Thursday, May 3, 2007
Pasquale on Hackney on Scientism
Posted by Jeff Lipshaw
Over at Concurring Opinions (now a limited liability company), the always interesting and often provocative Frank Pasquale offers up some thoughts on normativity posing as objectivity, particularly in law and economics scholarship, highlighting James Hackney's book, Under Cover of Science: American Legal-Economic Theory and the Quest for Objectivity. I haven't read Hackney's book, but according to Frank it takes a CLS-approach to the implicit normative assumptions underlying law and economics. But you don't need to be a crit (a) to believe that there is something either tautological or self-evident in the welfare over fairness position (or is it "welfare is fairness"), or (b) to criticize reductionist approaches to making sense of the world. Over at Legal Theory Blog, Larry Solum has posted the abstract of Kim Ferzan's new piece "Some Sound and Fury from Kaplow and Shavell" (as well as a plug for Larry's own Virginia Law Review article, "Public Legal Reason").

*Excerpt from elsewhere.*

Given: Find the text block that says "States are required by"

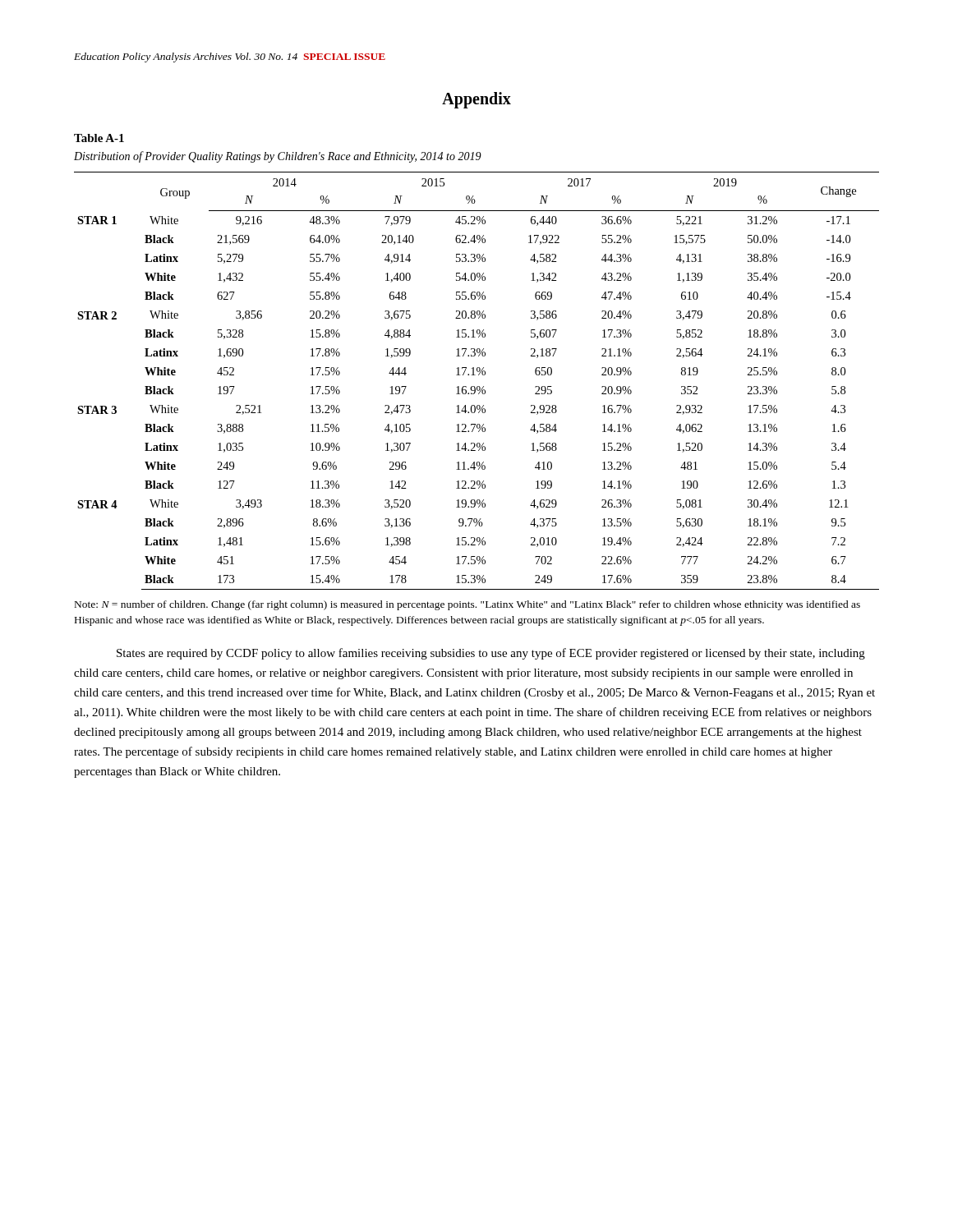Looking at the screenshot, I should pos(475,712).

I thought this excerpt from Frank's post was interesting. "Toward the end of the book [Hackney] tentatively points a way forward for the discipline, urging greater humility about theoretical claims and greater reliance on empirical work. In other words, the cure for scientism is genuine science." That's a mouthful and worthy of some unpacking.
I was in Bloomington the day before yesterday, paying personal homage to my new dean, Fred Aman, and happened to pass the office of that non-pareil empiricist, Bill Henderson. I banged on the door, was admitted to the statistical sanctum sanctorum (where, I'm telling ya, you can cut the heteroscedascity with a knife), and we got to be talking about the value of empirical work in establishing whether there is a problem for the theorists to be working on. As Carl Hempel (right) and others have pointed out in the philosophy of science, the scientist makes a pre-empirical theoretical leap in creating the hypothesis and constructing the experiments to test it. That probably doesn't raise significant issues of the normativity and objectivity in the method by which we study physics or geology or botany. We really do stand apart from the thing being studied. But I now cannot help but keep coming back to the problems of self-reference when we are studying ourselves. How sharply can we draw the line between the "is" and the "ought" when the scientist is part of the group being studied?
Well, in any event, I am looking forward to seeing Frank's promised piece!
https://lawprofessors.typepad.com/legal_profession/2007/05/pasquale_on_hac.html
thanks for the shout-out, Jeff. I somehow missed the Solum piece, and I look forward to reading it.
As for "studying ourselves," I find Charles Taylor so illuminating here in trying to develop the difference between natural and "human" sciences. BTW, here's an interesting piece on him: http://www.mercatornet.com/articles/canadian_philosopher_strikes_paydirt/
And of course I am looking forward to doing a post on your own contributions to lawprofs' self-understanding as inevitable arbiters of the value and validity of the social scientific research they cite or criticize.